- ACTIVITY -
What lines of the material below include the string "forward"? Copy all of them.

*** DATA ***

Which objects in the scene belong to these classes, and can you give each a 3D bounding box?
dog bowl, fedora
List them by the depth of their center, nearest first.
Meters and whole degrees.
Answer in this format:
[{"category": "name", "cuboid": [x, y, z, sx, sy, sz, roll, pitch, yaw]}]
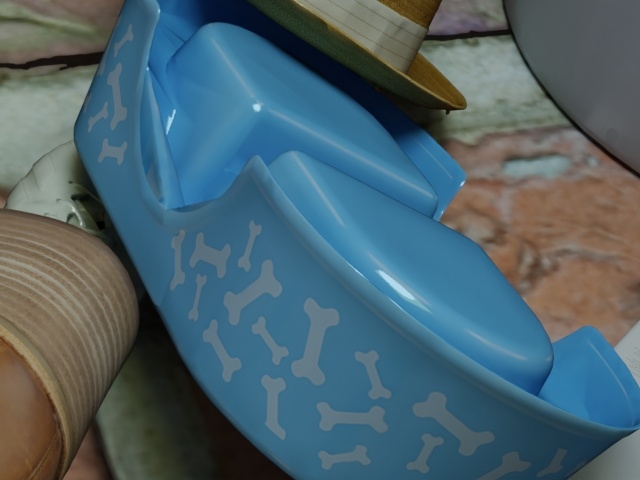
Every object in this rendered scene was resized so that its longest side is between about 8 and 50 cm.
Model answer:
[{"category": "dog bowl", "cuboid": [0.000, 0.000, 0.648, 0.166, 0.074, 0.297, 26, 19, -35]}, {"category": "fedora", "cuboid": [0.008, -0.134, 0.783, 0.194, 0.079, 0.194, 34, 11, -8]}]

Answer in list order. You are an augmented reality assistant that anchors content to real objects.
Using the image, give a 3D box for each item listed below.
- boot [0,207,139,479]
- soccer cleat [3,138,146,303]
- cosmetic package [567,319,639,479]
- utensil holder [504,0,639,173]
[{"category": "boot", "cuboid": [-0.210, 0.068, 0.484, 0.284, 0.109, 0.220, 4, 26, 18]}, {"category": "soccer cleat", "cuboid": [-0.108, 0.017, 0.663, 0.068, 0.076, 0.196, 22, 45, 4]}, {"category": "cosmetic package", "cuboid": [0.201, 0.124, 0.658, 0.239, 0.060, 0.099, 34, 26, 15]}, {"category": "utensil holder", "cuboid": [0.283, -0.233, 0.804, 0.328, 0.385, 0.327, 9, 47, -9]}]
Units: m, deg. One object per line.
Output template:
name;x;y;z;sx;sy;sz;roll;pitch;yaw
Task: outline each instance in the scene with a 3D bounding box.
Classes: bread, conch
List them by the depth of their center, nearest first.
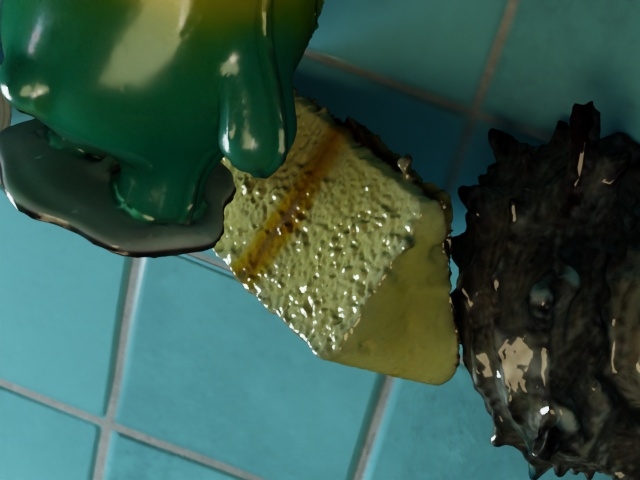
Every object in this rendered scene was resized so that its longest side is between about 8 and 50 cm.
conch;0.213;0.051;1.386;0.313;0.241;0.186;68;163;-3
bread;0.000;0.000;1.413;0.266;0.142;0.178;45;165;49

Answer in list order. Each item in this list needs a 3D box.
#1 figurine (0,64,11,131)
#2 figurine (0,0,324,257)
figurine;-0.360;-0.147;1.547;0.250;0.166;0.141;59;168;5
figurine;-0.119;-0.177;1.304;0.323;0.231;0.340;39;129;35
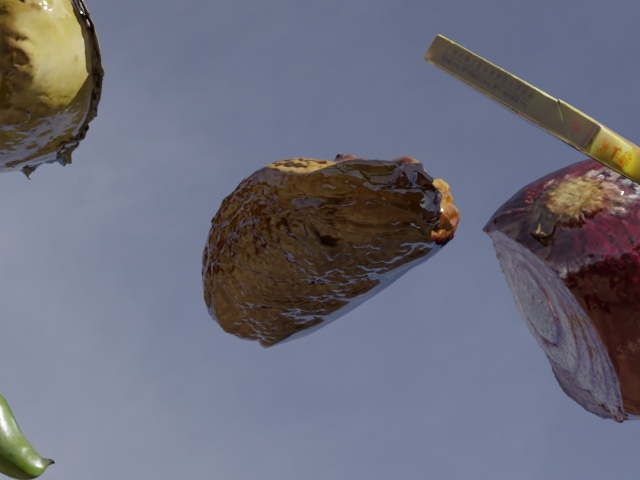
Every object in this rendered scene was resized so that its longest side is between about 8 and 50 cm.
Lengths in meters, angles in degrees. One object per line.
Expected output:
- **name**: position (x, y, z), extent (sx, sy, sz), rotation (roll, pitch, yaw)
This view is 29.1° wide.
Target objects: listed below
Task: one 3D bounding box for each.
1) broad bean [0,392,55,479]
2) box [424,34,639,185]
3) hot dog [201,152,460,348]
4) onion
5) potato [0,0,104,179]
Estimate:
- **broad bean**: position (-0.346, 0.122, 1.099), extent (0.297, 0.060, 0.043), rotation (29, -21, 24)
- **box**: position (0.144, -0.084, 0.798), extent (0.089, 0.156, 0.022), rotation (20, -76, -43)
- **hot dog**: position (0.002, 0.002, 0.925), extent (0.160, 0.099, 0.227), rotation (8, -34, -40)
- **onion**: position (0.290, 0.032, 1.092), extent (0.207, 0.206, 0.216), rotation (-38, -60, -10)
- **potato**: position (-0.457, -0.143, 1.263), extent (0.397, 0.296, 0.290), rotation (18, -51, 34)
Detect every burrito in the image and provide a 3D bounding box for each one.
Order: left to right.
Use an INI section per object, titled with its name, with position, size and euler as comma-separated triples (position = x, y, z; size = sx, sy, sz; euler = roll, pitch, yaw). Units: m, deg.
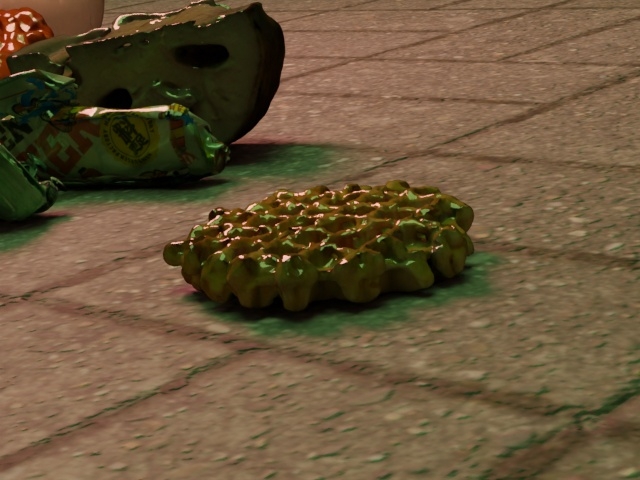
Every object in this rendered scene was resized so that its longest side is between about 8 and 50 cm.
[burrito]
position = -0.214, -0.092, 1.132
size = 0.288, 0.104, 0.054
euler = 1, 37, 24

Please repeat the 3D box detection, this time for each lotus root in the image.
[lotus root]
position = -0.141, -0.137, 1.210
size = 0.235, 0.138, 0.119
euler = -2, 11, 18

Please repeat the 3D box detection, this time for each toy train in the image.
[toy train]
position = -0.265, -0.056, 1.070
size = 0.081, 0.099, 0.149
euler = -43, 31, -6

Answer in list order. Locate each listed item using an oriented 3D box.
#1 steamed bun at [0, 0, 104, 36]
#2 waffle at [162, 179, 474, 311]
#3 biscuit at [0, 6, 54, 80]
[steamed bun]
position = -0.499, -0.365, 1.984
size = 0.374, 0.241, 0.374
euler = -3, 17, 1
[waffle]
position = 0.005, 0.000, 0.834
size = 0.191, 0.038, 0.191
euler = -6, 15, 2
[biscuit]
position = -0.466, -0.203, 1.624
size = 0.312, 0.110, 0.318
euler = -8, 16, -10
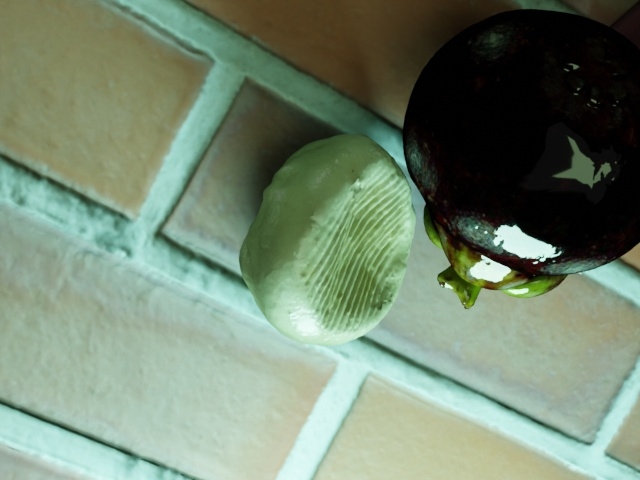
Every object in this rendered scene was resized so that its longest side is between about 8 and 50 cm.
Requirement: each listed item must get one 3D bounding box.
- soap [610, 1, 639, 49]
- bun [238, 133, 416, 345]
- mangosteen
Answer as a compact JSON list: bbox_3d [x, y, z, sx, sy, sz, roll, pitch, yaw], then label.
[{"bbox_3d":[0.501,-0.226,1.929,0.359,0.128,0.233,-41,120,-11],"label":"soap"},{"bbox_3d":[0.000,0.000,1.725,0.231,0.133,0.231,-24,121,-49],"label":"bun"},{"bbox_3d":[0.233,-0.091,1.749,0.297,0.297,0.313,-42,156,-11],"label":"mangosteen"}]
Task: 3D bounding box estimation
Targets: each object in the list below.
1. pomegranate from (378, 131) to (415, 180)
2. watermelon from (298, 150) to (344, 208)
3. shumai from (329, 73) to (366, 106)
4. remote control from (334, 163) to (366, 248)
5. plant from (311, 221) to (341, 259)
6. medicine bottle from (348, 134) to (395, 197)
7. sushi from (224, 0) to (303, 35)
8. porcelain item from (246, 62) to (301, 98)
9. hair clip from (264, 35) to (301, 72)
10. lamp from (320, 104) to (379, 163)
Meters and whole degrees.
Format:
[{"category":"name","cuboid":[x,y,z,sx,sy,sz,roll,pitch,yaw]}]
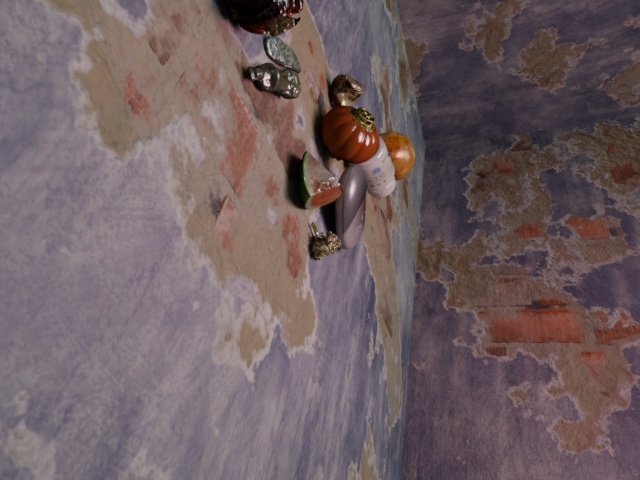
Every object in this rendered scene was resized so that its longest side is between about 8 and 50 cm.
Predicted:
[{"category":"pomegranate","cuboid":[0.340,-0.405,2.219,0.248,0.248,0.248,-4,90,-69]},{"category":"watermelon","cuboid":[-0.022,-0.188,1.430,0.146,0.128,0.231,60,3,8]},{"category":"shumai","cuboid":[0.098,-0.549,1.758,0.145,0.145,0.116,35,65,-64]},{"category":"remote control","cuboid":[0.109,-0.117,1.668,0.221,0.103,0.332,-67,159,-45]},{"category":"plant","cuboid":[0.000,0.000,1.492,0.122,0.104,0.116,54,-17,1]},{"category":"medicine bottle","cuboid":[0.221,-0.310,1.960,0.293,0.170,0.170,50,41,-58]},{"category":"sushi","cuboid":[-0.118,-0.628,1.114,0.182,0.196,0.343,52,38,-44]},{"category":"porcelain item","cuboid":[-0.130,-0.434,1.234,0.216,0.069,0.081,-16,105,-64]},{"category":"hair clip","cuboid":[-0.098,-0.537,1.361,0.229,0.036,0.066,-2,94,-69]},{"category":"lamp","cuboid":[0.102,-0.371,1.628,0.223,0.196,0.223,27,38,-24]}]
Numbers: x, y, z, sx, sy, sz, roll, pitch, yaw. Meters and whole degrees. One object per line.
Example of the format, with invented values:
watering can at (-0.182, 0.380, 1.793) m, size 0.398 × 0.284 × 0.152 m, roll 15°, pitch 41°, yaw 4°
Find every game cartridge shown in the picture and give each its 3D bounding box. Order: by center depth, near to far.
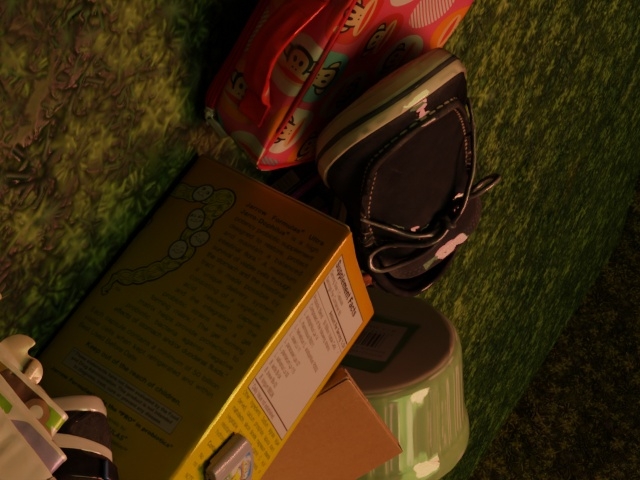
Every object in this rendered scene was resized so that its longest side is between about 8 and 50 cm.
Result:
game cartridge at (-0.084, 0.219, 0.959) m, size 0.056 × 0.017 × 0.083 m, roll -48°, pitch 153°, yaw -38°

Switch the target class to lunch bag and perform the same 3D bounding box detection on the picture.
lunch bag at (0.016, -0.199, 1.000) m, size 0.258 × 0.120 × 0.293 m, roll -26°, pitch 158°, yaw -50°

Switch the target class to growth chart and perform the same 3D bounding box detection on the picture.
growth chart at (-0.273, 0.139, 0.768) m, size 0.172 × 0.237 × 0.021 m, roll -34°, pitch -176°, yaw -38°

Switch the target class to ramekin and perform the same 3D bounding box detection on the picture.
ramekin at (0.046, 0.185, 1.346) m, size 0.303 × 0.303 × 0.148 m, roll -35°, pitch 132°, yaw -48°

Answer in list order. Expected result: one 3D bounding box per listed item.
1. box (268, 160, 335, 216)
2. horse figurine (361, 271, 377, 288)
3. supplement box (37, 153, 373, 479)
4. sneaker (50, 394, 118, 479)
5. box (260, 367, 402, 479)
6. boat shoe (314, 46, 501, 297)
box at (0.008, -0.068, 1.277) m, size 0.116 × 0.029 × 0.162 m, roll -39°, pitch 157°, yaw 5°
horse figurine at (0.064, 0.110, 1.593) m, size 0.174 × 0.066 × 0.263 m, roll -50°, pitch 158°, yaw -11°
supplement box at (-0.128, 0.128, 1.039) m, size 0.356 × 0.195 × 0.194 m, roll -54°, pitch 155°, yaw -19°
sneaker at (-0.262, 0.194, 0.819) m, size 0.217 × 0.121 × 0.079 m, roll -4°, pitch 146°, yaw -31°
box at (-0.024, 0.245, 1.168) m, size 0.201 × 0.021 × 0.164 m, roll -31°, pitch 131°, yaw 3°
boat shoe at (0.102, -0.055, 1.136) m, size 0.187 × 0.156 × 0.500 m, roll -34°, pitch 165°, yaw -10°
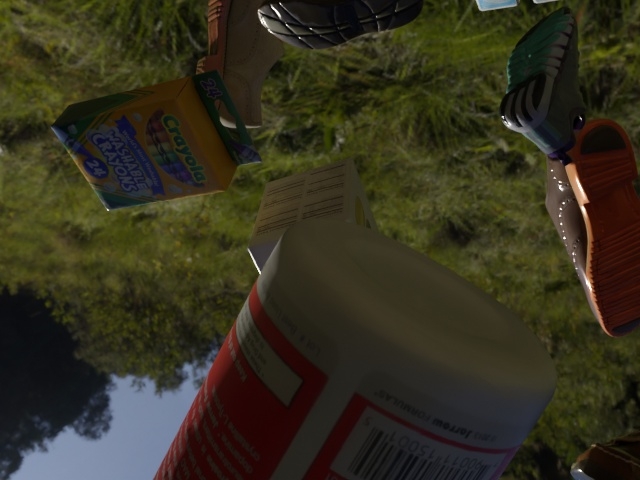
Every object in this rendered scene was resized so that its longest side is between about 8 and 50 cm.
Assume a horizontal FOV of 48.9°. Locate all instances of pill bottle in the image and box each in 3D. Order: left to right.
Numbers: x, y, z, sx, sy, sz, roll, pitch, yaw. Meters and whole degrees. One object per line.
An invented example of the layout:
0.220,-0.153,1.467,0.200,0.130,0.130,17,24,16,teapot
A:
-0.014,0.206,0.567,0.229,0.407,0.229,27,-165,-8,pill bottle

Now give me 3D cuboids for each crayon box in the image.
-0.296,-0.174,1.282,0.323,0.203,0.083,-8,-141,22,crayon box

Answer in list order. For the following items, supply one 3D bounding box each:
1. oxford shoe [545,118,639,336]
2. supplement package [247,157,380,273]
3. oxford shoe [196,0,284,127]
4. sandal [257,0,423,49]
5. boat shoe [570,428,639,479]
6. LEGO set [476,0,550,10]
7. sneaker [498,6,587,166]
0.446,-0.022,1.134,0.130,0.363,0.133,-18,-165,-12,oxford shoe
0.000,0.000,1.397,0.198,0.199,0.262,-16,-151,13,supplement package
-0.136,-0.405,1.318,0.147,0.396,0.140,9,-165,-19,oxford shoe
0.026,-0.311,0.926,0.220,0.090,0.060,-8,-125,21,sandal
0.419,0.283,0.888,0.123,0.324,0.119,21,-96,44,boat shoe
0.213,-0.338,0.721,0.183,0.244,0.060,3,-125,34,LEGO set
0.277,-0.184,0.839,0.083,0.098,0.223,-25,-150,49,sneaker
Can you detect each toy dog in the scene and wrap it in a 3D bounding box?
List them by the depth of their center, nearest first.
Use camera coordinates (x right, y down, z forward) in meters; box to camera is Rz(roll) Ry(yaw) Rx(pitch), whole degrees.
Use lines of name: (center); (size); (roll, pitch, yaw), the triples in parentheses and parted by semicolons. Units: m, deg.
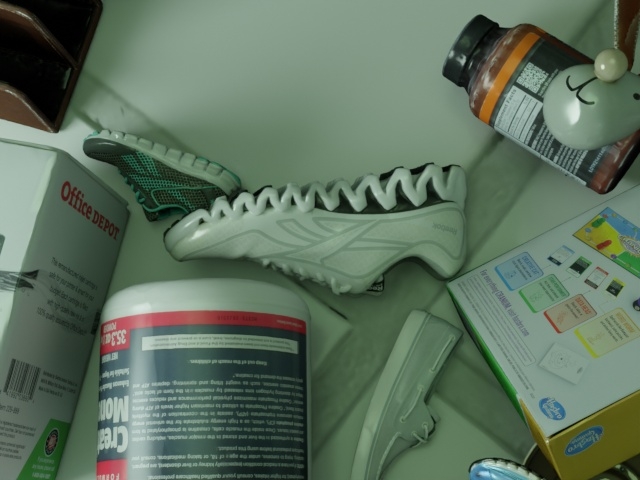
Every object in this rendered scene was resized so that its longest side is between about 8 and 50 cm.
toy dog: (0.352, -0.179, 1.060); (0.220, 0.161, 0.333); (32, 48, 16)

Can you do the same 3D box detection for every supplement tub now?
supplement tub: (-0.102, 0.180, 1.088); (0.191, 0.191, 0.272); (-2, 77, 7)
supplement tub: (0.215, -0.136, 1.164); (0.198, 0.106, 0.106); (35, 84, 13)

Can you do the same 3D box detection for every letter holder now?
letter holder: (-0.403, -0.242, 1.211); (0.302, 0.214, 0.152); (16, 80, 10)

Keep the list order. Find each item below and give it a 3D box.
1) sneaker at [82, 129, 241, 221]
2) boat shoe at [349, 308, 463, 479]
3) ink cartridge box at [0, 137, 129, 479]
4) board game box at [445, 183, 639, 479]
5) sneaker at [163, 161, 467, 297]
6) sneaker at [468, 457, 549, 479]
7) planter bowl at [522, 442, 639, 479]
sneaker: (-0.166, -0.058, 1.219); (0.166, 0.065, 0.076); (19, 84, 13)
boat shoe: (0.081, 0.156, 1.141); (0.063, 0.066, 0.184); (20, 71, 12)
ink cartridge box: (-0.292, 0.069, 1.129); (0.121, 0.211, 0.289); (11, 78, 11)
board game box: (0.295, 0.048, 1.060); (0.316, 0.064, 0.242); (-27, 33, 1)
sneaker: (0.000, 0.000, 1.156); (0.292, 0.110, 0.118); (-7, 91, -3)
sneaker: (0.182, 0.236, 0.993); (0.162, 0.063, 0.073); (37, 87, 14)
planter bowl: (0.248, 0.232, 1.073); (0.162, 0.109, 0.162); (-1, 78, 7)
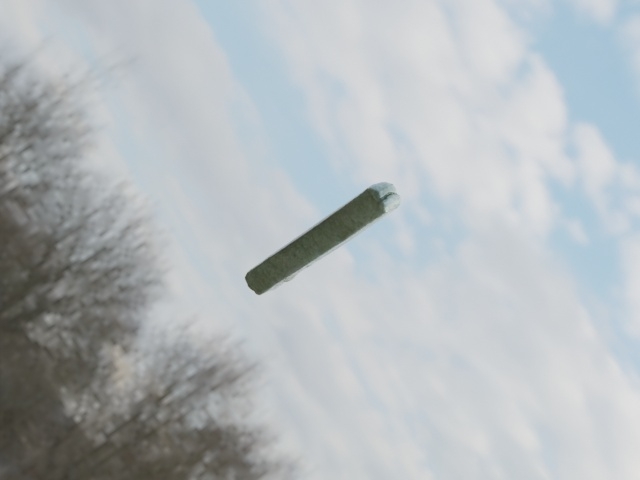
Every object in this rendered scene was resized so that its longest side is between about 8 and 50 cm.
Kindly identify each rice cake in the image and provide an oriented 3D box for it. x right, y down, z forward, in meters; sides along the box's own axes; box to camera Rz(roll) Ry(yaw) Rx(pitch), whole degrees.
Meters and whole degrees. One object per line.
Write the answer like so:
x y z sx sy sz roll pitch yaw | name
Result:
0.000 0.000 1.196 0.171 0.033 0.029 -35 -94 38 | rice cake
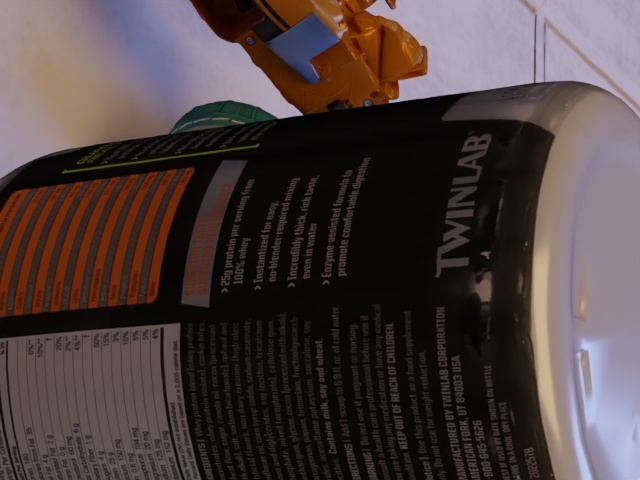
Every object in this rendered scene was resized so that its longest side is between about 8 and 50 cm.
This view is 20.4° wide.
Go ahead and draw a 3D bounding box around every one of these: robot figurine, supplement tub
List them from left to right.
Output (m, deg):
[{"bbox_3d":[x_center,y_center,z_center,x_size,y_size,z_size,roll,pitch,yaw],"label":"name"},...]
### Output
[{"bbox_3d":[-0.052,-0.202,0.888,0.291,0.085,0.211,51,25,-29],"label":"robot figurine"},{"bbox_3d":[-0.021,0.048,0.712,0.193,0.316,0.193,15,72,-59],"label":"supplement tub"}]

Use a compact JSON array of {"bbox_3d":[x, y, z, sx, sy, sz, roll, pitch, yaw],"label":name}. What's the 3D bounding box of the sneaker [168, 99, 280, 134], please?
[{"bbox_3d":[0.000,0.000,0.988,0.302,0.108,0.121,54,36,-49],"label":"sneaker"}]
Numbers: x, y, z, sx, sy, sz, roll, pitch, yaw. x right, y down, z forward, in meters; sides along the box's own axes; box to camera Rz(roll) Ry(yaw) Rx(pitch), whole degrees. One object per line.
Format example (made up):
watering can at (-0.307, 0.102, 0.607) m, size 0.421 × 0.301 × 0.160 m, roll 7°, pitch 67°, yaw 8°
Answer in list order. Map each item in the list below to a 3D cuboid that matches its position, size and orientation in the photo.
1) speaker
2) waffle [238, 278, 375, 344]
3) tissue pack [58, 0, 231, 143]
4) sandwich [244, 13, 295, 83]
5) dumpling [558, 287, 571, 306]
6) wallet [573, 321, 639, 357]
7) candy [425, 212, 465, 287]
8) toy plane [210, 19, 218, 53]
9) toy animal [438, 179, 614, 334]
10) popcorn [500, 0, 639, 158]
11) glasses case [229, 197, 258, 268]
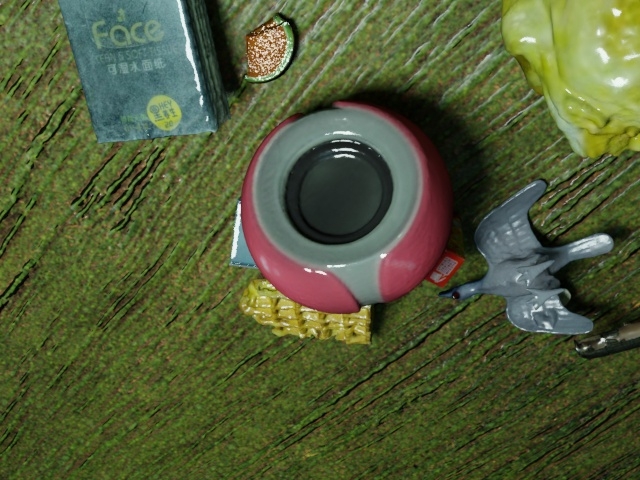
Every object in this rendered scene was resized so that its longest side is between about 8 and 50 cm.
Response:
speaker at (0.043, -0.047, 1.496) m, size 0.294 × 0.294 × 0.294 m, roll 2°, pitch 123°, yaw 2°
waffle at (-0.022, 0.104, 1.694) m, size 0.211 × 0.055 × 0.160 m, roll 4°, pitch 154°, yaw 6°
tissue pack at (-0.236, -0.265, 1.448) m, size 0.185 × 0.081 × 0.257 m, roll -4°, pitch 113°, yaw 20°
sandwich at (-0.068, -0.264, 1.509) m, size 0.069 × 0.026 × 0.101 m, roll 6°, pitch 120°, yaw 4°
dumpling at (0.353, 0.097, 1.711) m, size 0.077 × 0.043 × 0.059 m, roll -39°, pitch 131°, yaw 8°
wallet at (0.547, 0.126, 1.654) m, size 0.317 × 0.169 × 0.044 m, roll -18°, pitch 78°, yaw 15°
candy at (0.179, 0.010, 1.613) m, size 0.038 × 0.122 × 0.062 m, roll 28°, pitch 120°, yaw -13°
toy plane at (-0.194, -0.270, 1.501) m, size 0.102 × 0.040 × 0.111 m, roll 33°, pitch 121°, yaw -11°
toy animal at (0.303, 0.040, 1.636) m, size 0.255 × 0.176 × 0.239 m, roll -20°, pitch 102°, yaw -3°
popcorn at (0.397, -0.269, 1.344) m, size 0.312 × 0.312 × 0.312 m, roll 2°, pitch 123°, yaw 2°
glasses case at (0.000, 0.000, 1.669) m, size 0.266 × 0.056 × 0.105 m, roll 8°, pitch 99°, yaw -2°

***

- RESULT -
Use camera coordinates (x right, y down, z forward) in meters; box to camera is Rz(roll) Ry(yaw) Rx(pitch), whole degrees.
Kindly identify each rice cake in the image and provide an oriented 3D box for it. x right, y down, z forward, in meters; sides along the box's own axes; box to camera Rz(roll) Ry(yaw) Rx(pitch), whole degrees.
Numbers: x, y, z, sx, sy, sz, roll, pitch, yaw. x right, y down, z forward, in meters; sides along the box's own axes; box to camera Rz(roll) Ry(yaw) Rx(pitch), whole degrees. One object per line.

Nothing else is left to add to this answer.